Valls n'a pas manqué de rappeler que le projet de la Grande Mosquée de Strasbourg «s'est imposé contre les agitateurs, contre les discours de rejet, contre ceux qui, en détournant l'idée de la laïcité, trahissent ce qu'est notre république». «La laïcité n'est pas la négation de la religion. Au contraire, elle est acceptation et ouverture. Elle est protection et tolérance», a relevé le ministre en commentant les récentes déclarations de Marine Le Pen, président du parti d'extrême droite, le Front National (FN), qui a appelé à l'interdiction du voile dans l'espace public en France.
«Marine Le Pen fait mal à la France. Marine Le Pen ne peut se targuer d'aucun brevet de laïcité. Marine Le Pen est une incendiaire qui crie ‘Au feu’», a-t-il lancé, en précisant que «la laïcité apaise, protège et garantit la liberté religieuse à chacun». Au nom des musulmans de France, le Président du Conseil français du culte musulman (CFCM), Mohamed Moussaoui, a dit «adhérer pleinement» à cette vision de la laïcité présentée par le ministre.

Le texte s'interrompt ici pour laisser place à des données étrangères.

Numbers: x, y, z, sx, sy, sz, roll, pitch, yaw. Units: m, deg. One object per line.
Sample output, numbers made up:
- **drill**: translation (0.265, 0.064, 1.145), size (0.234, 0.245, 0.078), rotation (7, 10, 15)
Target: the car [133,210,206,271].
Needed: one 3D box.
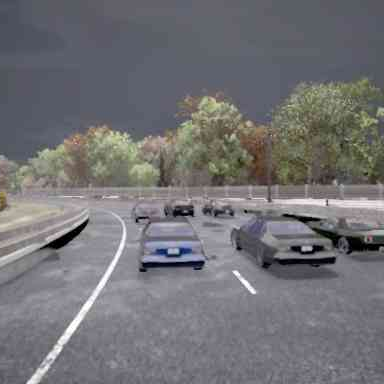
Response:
- **car**: translation (-0.755, 1.536, 10.858), size (2.033, 1.411, 5.357), rotation (0, 0, -7)

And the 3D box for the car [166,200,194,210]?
- **car**: translation (-1.262, 1.443, 29.939), size (1.882, 1.535, 5.008), rotation (0, 0, -17)

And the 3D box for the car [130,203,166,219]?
- **car**: translation (-3.669, 1.523, 25.825), size (2.033, 1.411, 5.357), rotation (0, 0, -15)

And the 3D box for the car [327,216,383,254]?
- **car**: translation (6.007, 1.572, 13.103), size (1.895, 1.301, 4.718), rotation (0, 0, -7)

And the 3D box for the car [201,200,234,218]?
- **car**: translation (2.321, 1.483, 30.223), size (1.812, 1.442, 4.674), rotation (0, 0, -17)

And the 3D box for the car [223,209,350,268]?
- **car**: translation (2.725, 1.528, 11.216), size (2.033, 1.411, 5.357), rotation (0, 0, -7)
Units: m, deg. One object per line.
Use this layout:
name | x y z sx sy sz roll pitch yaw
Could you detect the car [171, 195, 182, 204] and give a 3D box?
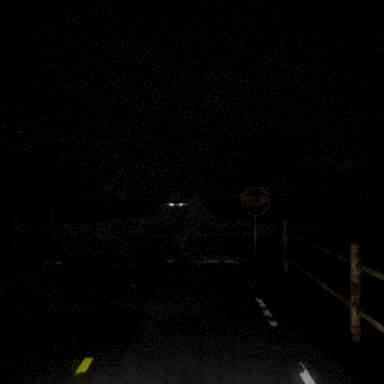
car | -2.800 1.292 60.351 1.882 1.535 5.008 0 0 1
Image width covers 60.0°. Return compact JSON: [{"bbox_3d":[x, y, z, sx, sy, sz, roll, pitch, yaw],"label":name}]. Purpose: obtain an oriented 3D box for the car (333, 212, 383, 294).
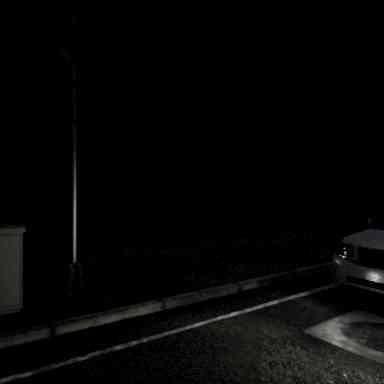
[{"bbox_3d":[5.627,1.218,7.717,5.566,2.045,2.150,0,0,-35],"label":"car"}]
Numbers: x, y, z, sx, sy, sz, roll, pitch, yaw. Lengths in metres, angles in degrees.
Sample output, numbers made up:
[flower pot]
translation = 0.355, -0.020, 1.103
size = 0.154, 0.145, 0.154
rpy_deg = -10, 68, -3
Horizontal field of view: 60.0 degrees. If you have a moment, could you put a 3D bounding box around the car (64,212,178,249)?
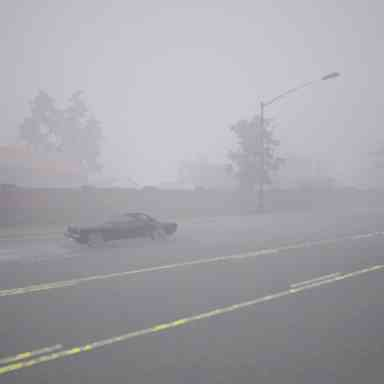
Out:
[car]
translation = -3.072, 1.594, 14.699
size = 4.718, 1.301, 1.895
rpy_deg = 0, 0, -36
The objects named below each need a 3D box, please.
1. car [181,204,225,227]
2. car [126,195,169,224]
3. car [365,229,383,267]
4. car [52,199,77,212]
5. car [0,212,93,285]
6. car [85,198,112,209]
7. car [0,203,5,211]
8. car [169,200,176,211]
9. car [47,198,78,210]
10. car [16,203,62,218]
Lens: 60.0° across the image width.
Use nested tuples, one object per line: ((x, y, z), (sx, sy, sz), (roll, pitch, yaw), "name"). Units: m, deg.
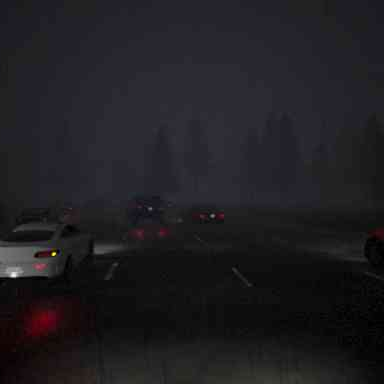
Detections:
((0.639, 1.538, 22.932), (2.033, 1.411, 5.357), (0, 0, -15), "car")
((-3.611, 1.236, 24.983), (2.150, 2.045, 5.566), (0, 0, -17), "car")
((6.505, 1.312, 8.445), (2.097, 1.767, 4.553), (0, 0, -5), "car")
((-14.484, 1.600, 37.352), (1.812, 1.442, 4.674), (0, 0, -40), "car")
((-4.113, 1.547, 9.526), (1.812, 1.442, 4.674), (0, 0, -6), "car")
((-12.894, 1.589, 45.879), (4.674, 1.442, 1.812), (0, 0, 43), "car")
((-25.559, 1.701, 41.851), (4.181, 1.385, 1.994), (0, 0, 31), "car")
((-3.715, 1.575, 40.905), (1.994, 1.385, 4.181), (0, 0, -35), "car")
((-17.463, 1.615, 44.757), (4.674, 1.442, 1.812), (0, 0, 39), "car")
((-9.811, 1.652, 21.411), (1.895, 1.301, 4.718), (0, 0, -15), "car")
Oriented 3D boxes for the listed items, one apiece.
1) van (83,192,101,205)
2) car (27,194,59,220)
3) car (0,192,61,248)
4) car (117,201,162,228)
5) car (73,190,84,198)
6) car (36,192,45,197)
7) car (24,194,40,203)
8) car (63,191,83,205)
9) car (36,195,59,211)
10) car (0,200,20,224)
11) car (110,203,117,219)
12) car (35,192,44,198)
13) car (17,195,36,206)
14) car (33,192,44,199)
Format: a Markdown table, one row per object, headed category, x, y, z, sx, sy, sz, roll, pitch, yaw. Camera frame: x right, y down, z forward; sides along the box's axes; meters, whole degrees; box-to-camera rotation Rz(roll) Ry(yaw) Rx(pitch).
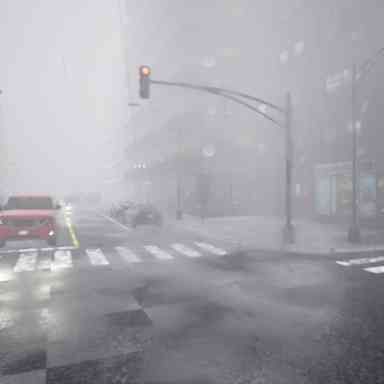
| category | x | y | z | sx | sy | sz | roll | pitch | yaw |
| --- | --- | --- | --- | --- | --- | --- | --- | --- | --- |
| van | -13.746 | 0.879 | 46.486 | 1.690 | 1.788 | 3.998 | 1 | 0 | -22 |
| car | -11.707 | 1.080 | 26.384 | 2.097 | 1.767 | 4.553 | 0 | 1 | -22 |
| car | -6.999 | 1.086 | 14.547 | 2.150 | 2.045 | 5.566 | 0 | 0 | -20 |
| car | -3.133 | 1.399 | 20.735 | 1.947 | 1.339 | 4.313 | 1 | 0 | -22 |
| car | -26.483 | 0.502 | 77.387 | 2.192 | 1.841 | 5.009 | 1 | 0 | -22 |
| car | -38.498 | 0.632 | 84.531 | 1.802 | 1.307 | 4.206 | 1 | 0 | -22 |
| car | -25.758 | 0.966 | 53.629 | 1.947 | 1.339 | 4.313 | 1 | 0 | -22 |
| car | -16.722 | 0.996 | 46.611 | 1.882 | 1.535 | 5.008 | 0 | 1 | -22 |
| car | -15.770 | 1.106 | 36.432 | 2.128 | 1.511 | 4.902 | 0 | 1 | -22 |
| car | -13.019 | 1.298 | 22.728 | 1.887 | 1.381 | 4.507 | 1 | 0 | -22 |
| car | -5.256 | 1.356 | 25.885 | 1.802 | 1.307 | 4.206 | 1 | 0 | -22 |
| car | -36.374 | 0.690 | 79.381 | 1.802 | 1.307 | 4.206 | 1 | 0 | -22 |
| car | -21.511 | 1.084 | 43.329 | 1.947 | 1.339 | 4.313 | 1 | 0 | -22 |
| car | -34.251 | 0.711 | 74.231 | 1.887 | 1.381 | 4.507 | 1 | 0 | -22 |
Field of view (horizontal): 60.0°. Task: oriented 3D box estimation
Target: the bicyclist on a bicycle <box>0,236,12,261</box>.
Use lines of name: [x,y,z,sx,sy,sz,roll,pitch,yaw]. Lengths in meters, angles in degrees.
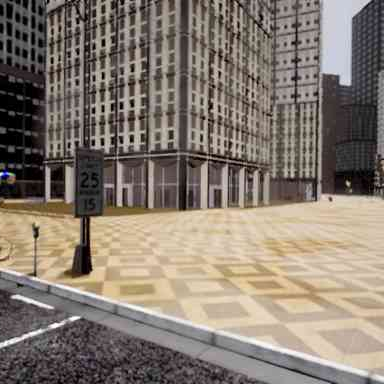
bicyclist on a bicycle: [-5.540,1.175,8.602,0.582,1.620,1.656,1,10,34]
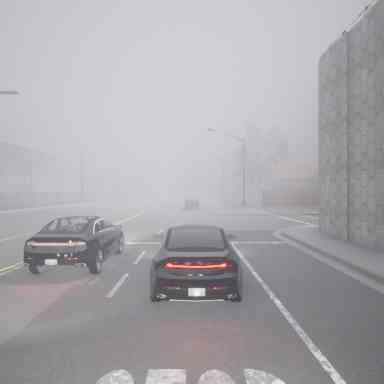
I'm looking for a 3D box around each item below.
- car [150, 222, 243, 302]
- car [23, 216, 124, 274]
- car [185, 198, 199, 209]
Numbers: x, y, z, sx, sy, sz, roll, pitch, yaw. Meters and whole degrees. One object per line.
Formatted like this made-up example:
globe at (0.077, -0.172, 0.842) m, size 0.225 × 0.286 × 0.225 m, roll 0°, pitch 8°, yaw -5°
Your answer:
car at (0.078, 1.505, 8.241) m, size 1.837 × 1.490 × 4.892 m, roll 0°, pitch 0°, yaw 0°
car at (-3.430, 1.492, 10.509) m, size 2.128 × 1.511 × 4.902 m, roll 0°, pitch 0°, yaw 0°
car at (-0.026, 1.491, 44.224) m, size 2.128 × 1.511 × 4.902 m, roll 0°, pitch 0°, yaw 0°

Moussaoui a souligné que les musulmans de France «sont dans leur immense majorité des citoyens responsables qui respectent le pacte civique et adhèrent totalement aux valeurs qui régissent notre pays». Mais, a-t-il poursuivi, ils «ne comprennent pas et n'acceptent pas que certains, ouvertement ou insidieusement, mettent en doute leur adhésion pleine et entière aux valeurs de la République».
Le président du CFCM a, par ailleurs, passé en revue l'état des lieux des mosquées en France, précisant que «l'espace total alloué au culte musulman en 2005, était de l'ordre de 250.000 m2 pour environ 1 million de fidèles qui souhaitaient participer à la prière hebdomadaire du vendredi». «C'est dire qu'il fallait, au moins, doubler la surface dont disposait le culte musulman pour faire face à la demande d'espace de prière pour les fidèles», a-t-il ajouté, affirmant que depuis quelques années, il y a une «remarquable phase de rattrapage» comme en témoigne les nouvelles inaugurations, notamment celle de cette mosquée de Strasbourg, «parmi les plus belles en Europe». Moussaoui a par ailleurs appelé à «la conscience et à la responsabilité de chacun», en attirant l'attention sur les «offenses méprisantes ou haineuses, les profanations de mosquées, de temples, de synagogues, d'églises ou de tombes dans les cimetières» en France.